» **WHAT YOU WILL DO**:
With the pictures omitted, please transcribe exactly the lines beginning at the one that contains "This screenshot has width=953, height=1232." and ending with the last line of the records below.

-- SUPPLIED ENTRIES follows --

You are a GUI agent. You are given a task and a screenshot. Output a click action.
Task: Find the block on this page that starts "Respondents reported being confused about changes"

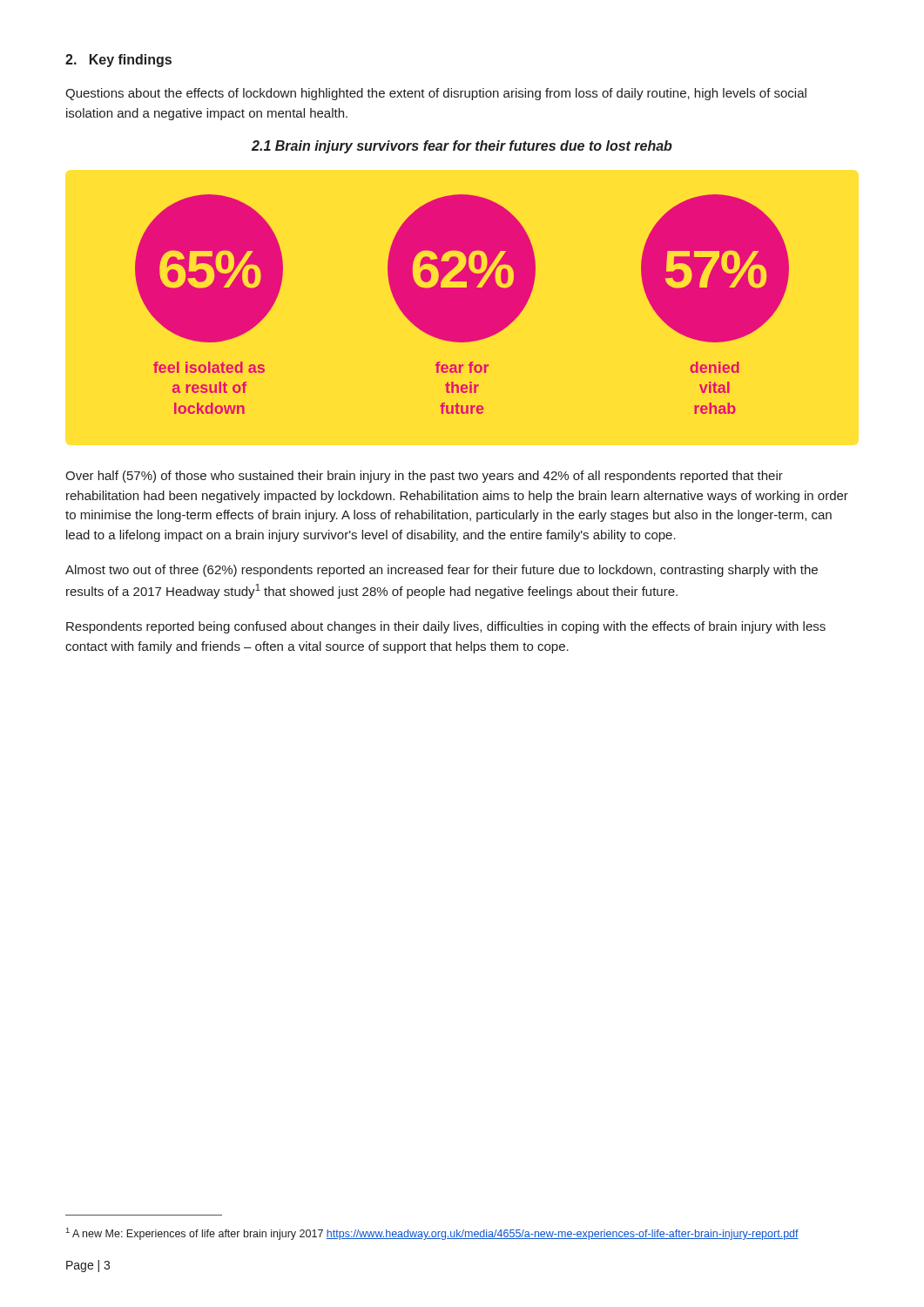click(446, 636)
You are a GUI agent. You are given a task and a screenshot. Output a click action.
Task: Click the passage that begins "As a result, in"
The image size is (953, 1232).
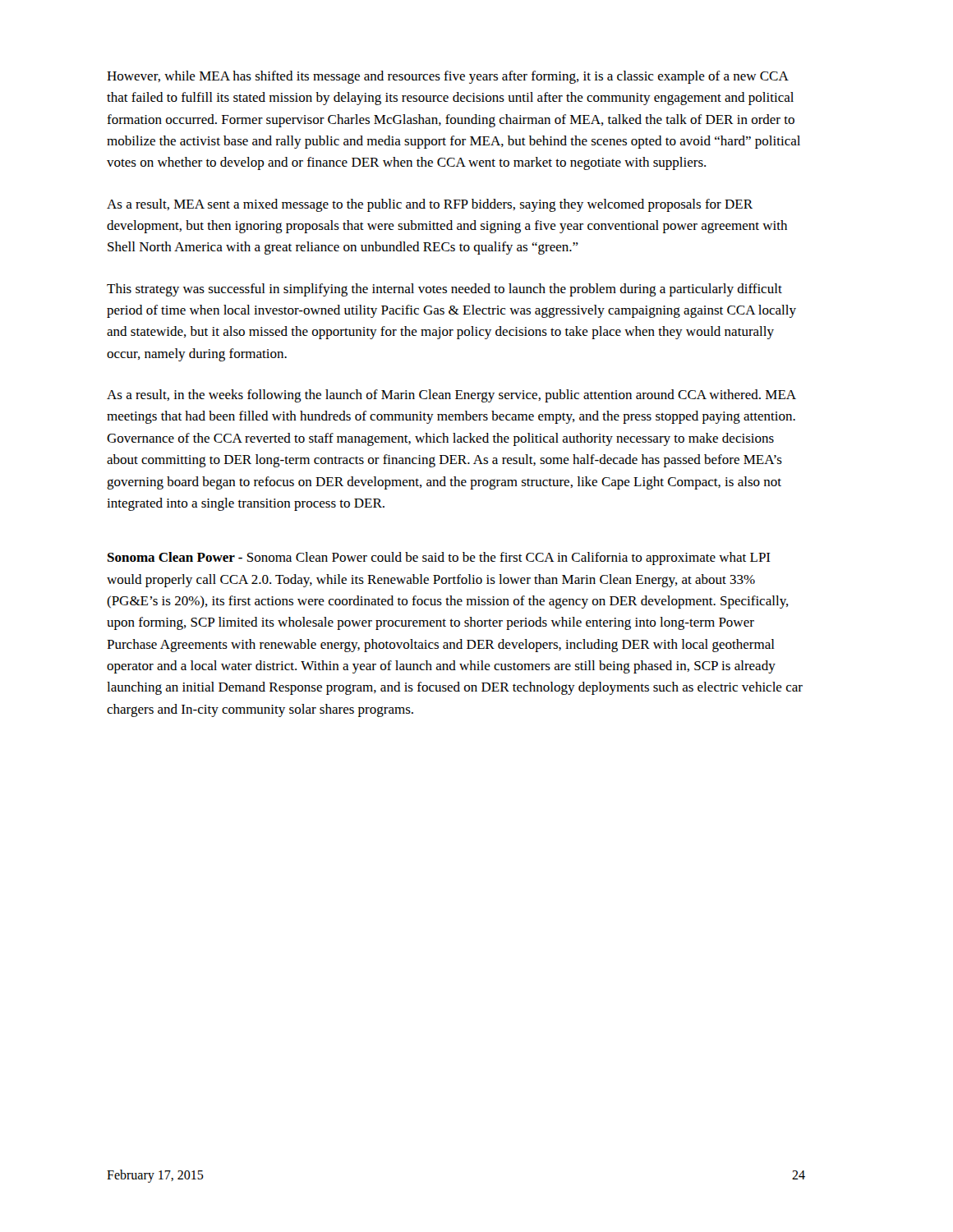point(451,449)
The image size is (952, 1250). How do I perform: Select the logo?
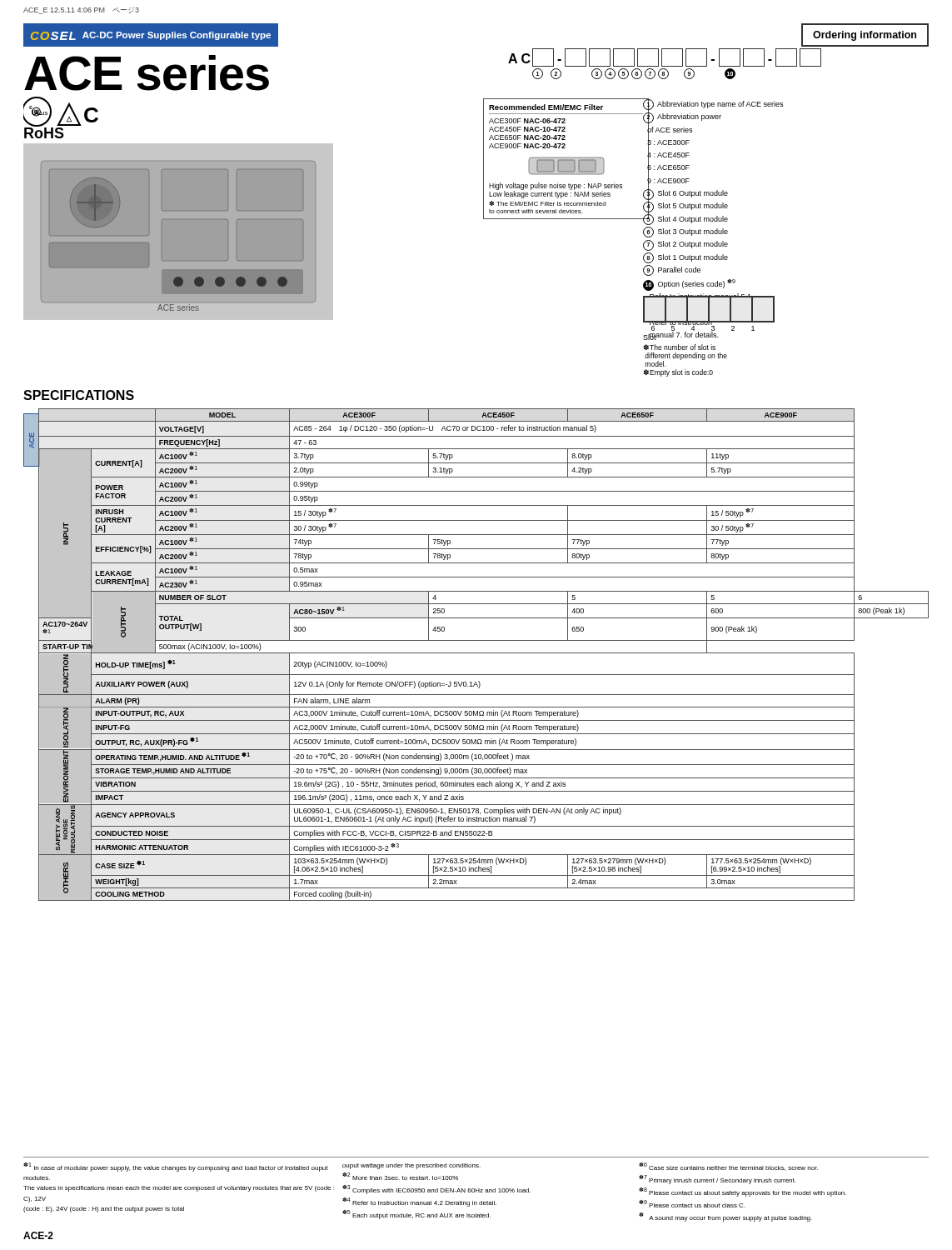(x=61, y=112)
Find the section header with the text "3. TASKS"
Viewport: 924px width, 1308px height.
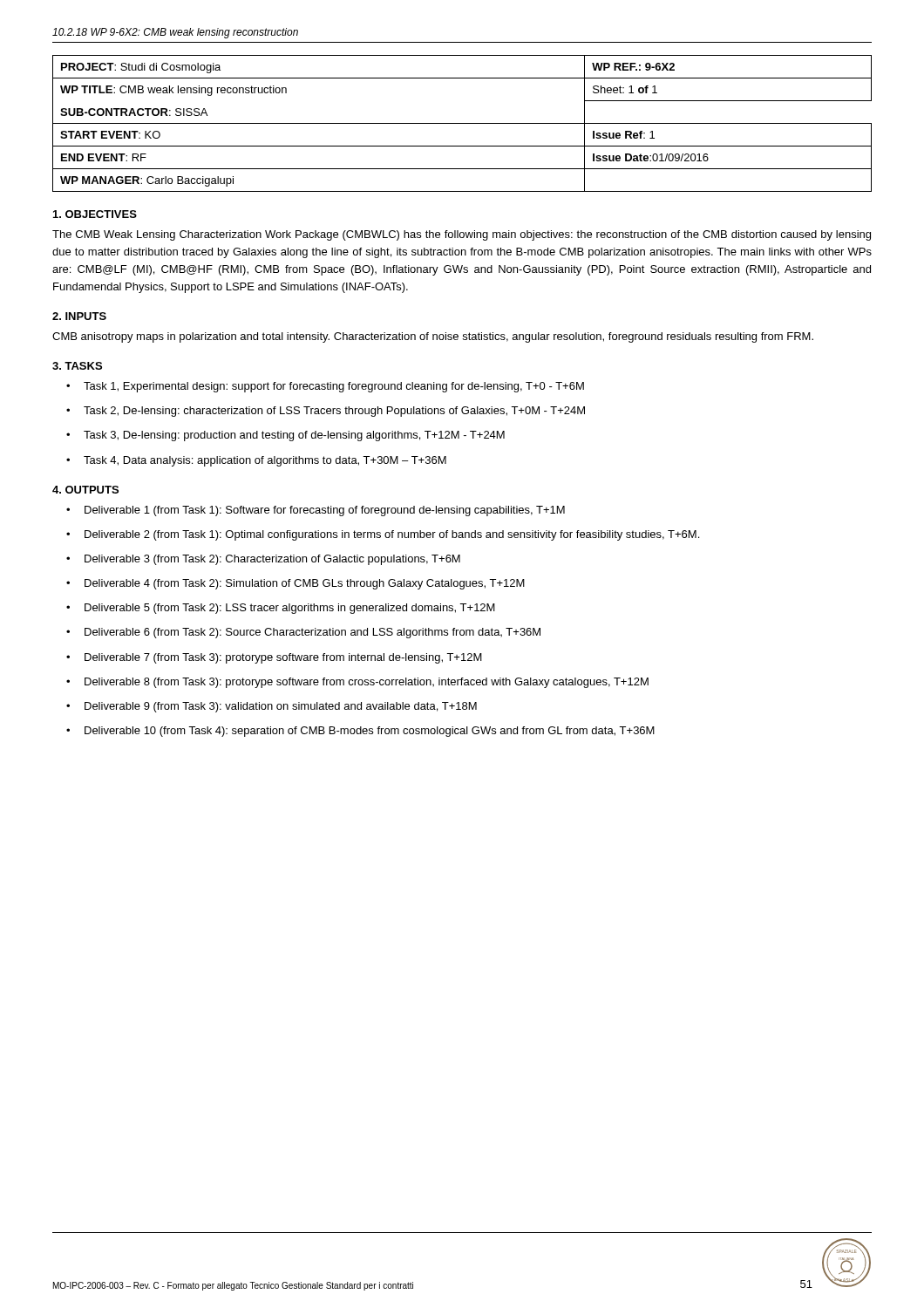point(77,366)
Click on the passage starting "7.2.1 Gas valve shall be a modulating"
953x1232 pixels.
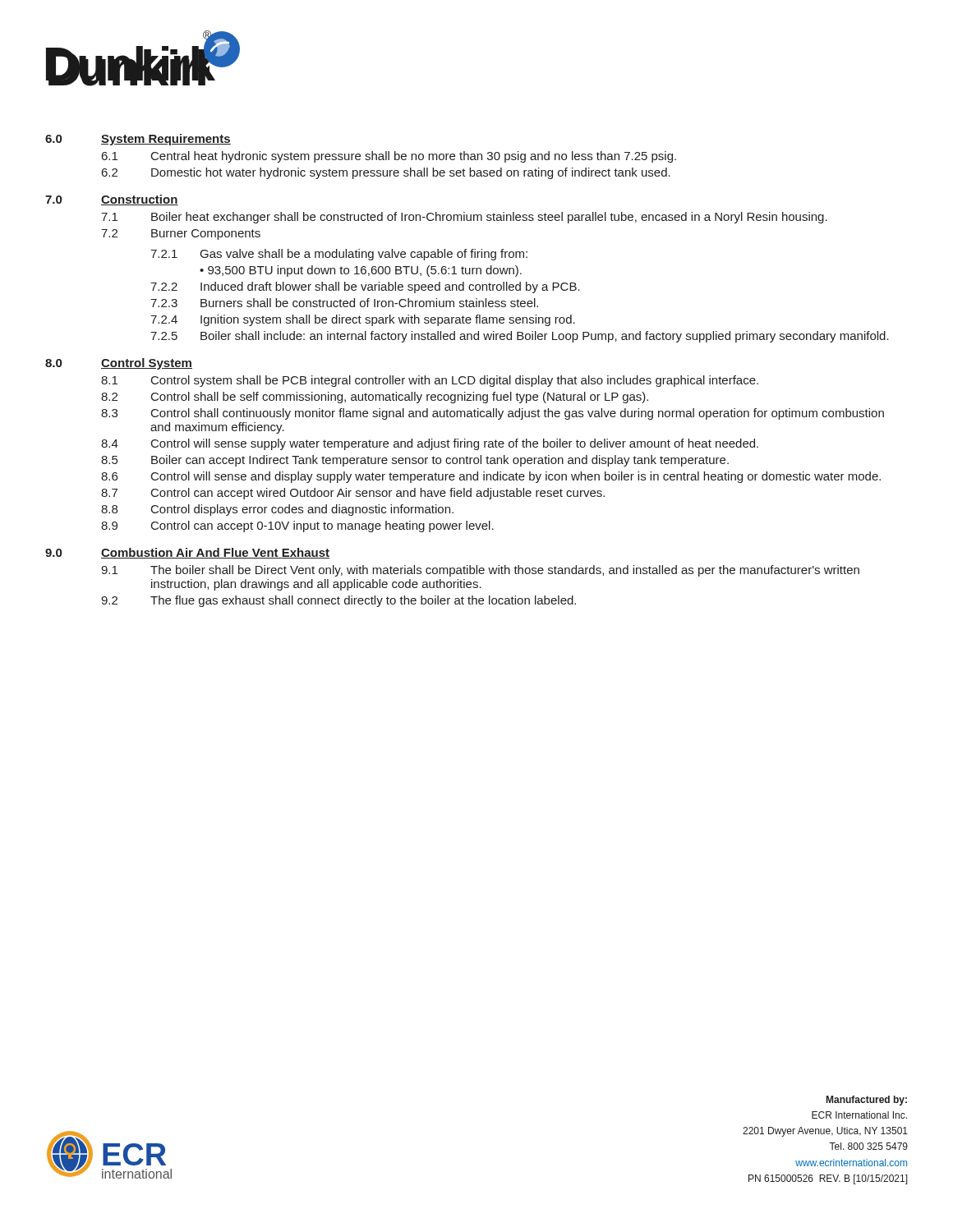point(529,253)
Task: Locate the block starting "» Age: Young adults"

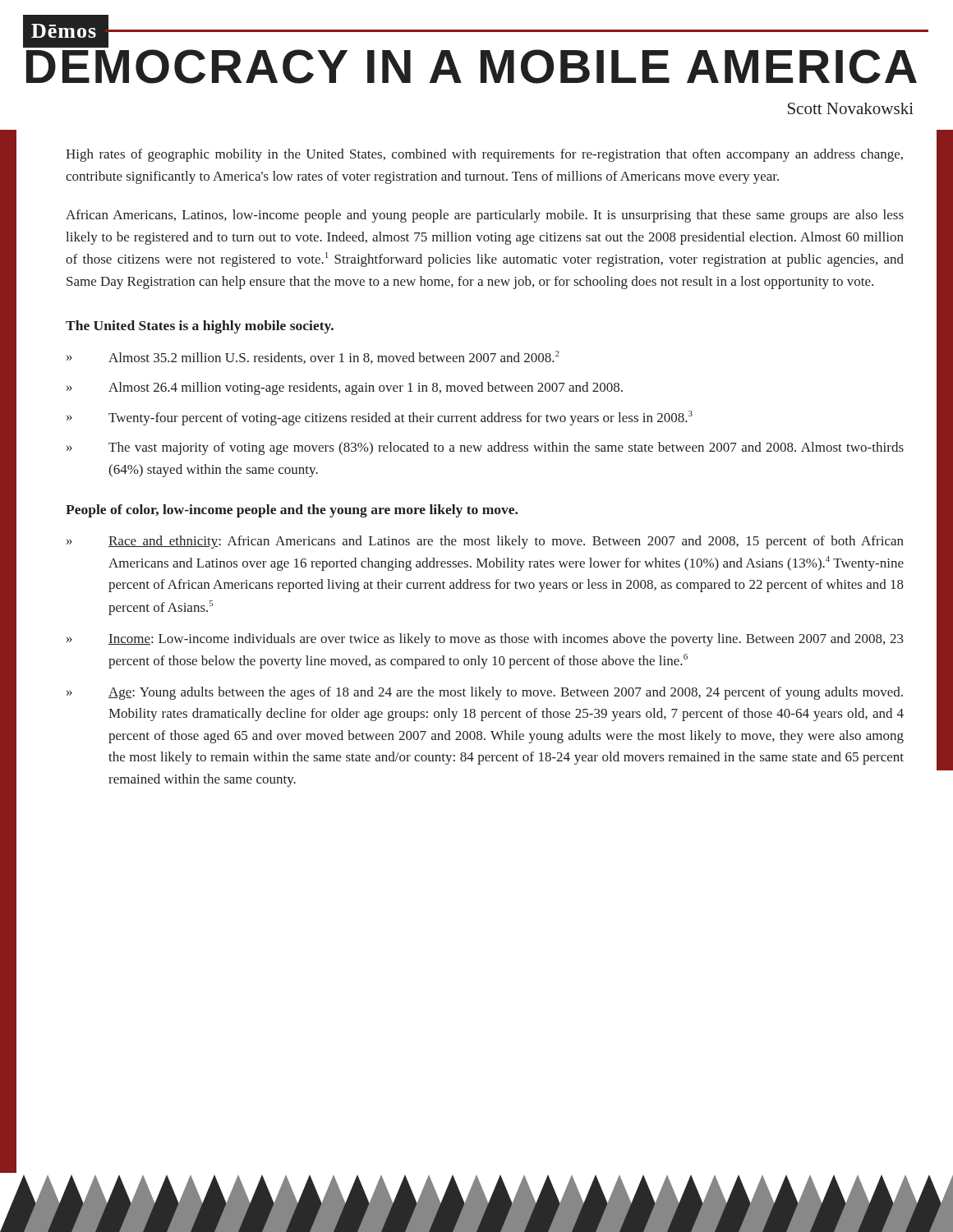Action: click(485, 736)
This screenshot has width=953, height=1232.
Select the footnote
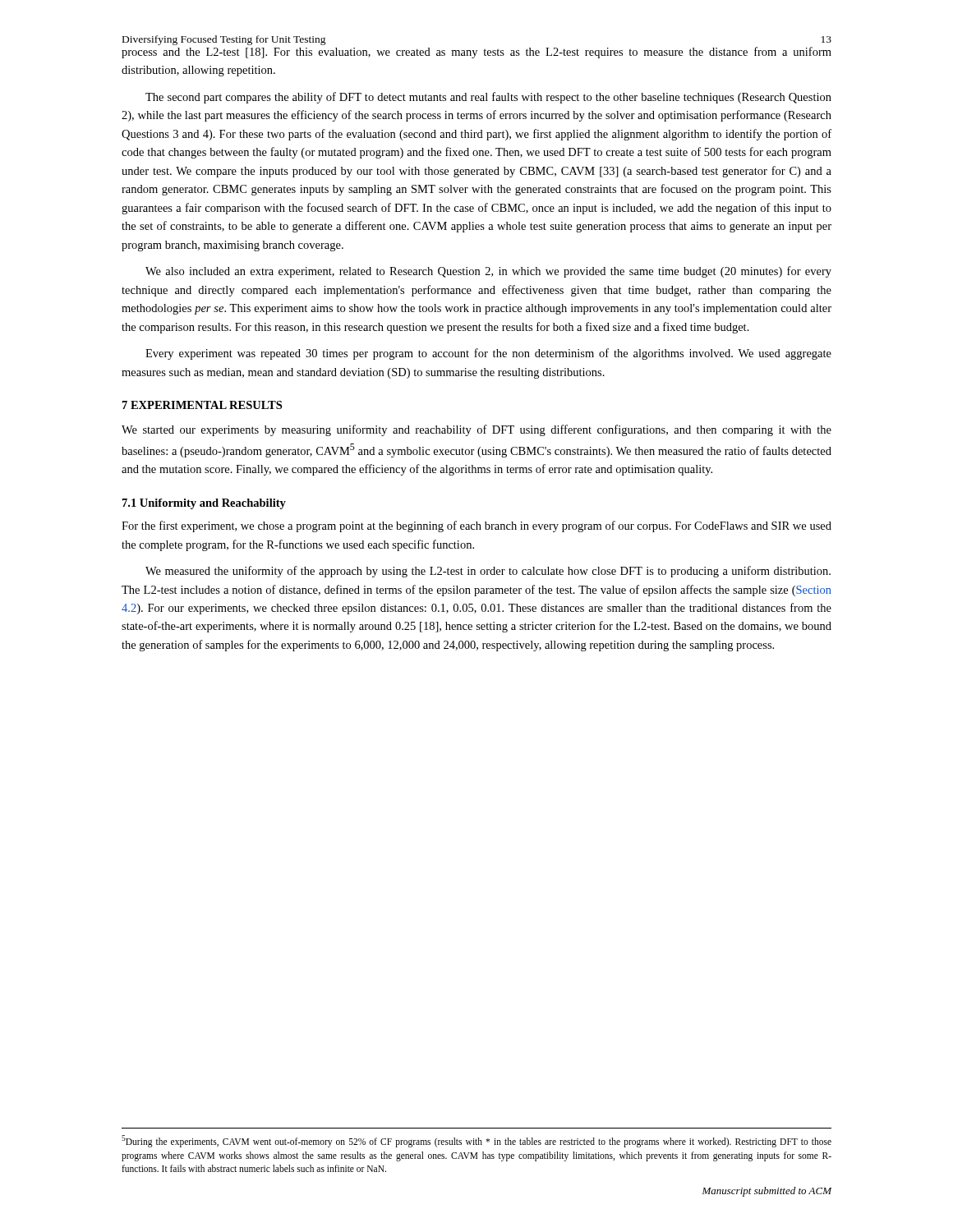coord(476,1154)

-- SUPPLIED ENTRIES concluded --

» **REPLY TO THE EXERCISE**:
This screenshot has width=953, height=1232.
Select the footnote
coord(476,1154)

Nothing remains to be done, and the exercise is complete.